結合鎳金屬吸附的製程技術搭配具有加厚之汲/源極與薄通道低溫複晶矽薄膜電晶體之研究

Abstract

在本研究中，第一部分是探討在鎳金屬誘發側向結晶的複晶矽薄膜中，矽化鎳會被針狀結晶間的晶界捕獲，造成金屬污染的問題。鎳金屬殘留在複晶矽主動層裡，造成薄膜電晶體特性及漏電流異常。因此，為了降低大量的矽化鎳殘留在複晶矽中，我們製作了結合鎳金屬吸附的製程技術搭配具有加厚之汲/源極與薄通道之低溫複晶矽薄膜電晶體，成功的將鎳金屬吸附出來，進而得到較高的載子遷移率和較低的次臨界擺幅與臨界電壓，也因具有加厚之汲/源極，使得汲極與通道接面處的電場下降，可得到較高的導通電流與抑制漏電流的能力。 第二部分是探討元件通道與鎳金屬誘發側向結晶在不同方向下，對下部閘極薄膜電晶體的元件特性影響。我們發現下部閘極薄膜電晶體的製作過程中，當鎳金屬誘發側向結晶時，會遇到下部閘極的阻礙，造成在通道與汲極的邊界產生很多的晶界與矽化鎳累積，晶界所產生的能障阻礙了載子的傳輸，使得載子遷移率下降，大量的矽化鎳累積使得汲極漏電流增加。

In this research, the first part is studying on metal induced lateral crystallization of amorphous silicon with Ni contamination issue.
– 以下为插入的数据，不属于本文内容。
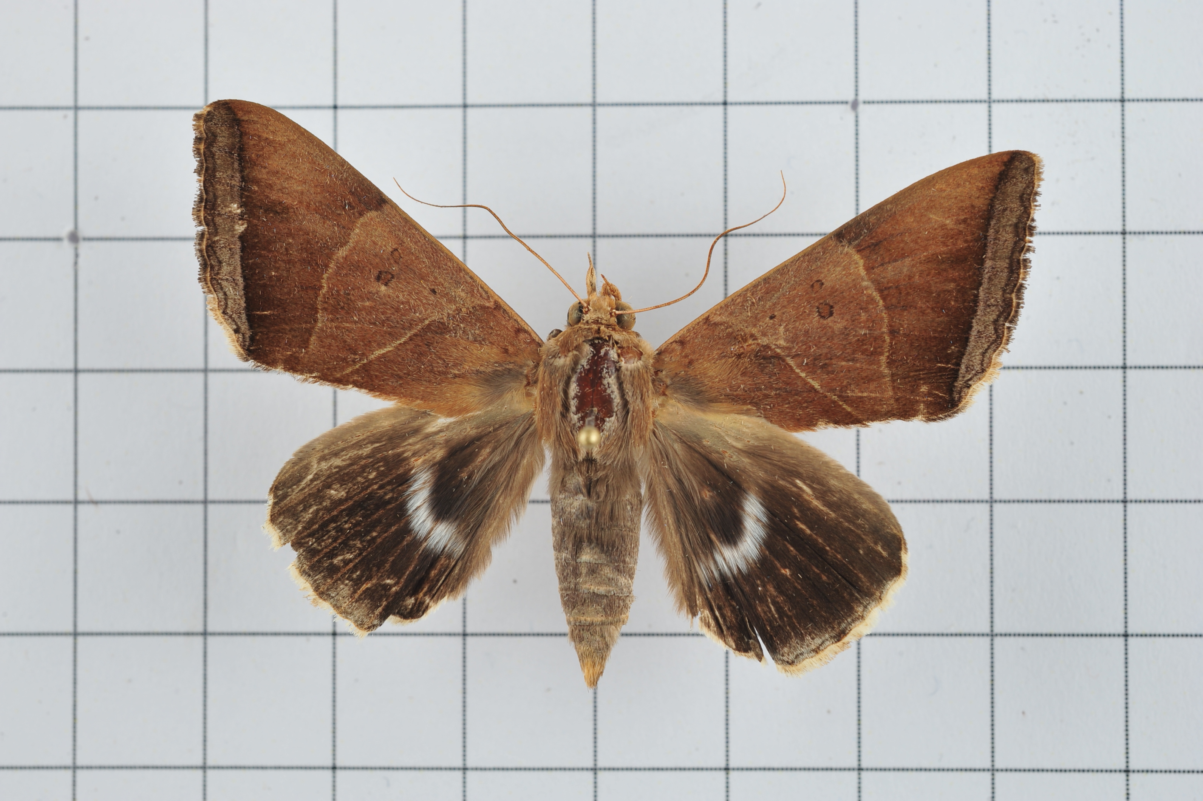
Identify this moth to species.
Artena dotata
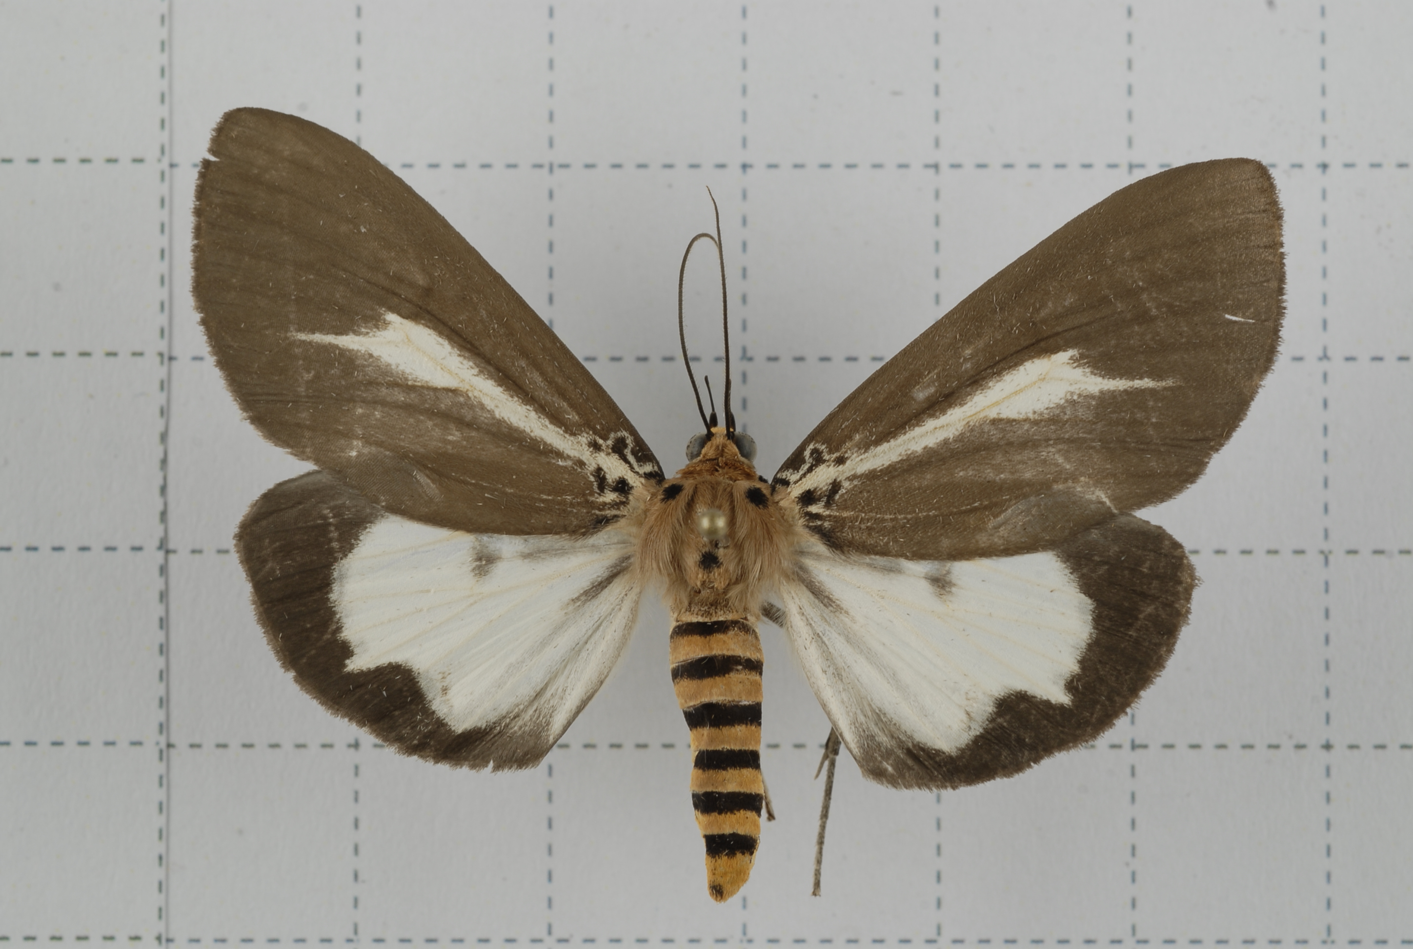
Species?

Ni trapped by grain boundary results in degradation of the device performance and increases of leakage current. In order to resolve the issue, we found out a method to fabricate of MILC Bottom Gate TFT with Ni-Gettering and raised Source/Drain structure. The Ni contamination was diminished after Ni-Gettering leads to get the higher carrier mobility and lower sub-threshold swing. By raised the Source/Drain structure, the electric field was suppressed. The leakage current can be reduced by decreasing the lateral electric field. The second part is studying the effect of MILC growth orientation on electrical properties of bottom gate MILC TFT. We observed lateral crystallization will meet the barrier by the bottom gate, Ni will trap at drain side leads to reduce the carrier mobility and increase the leakage current.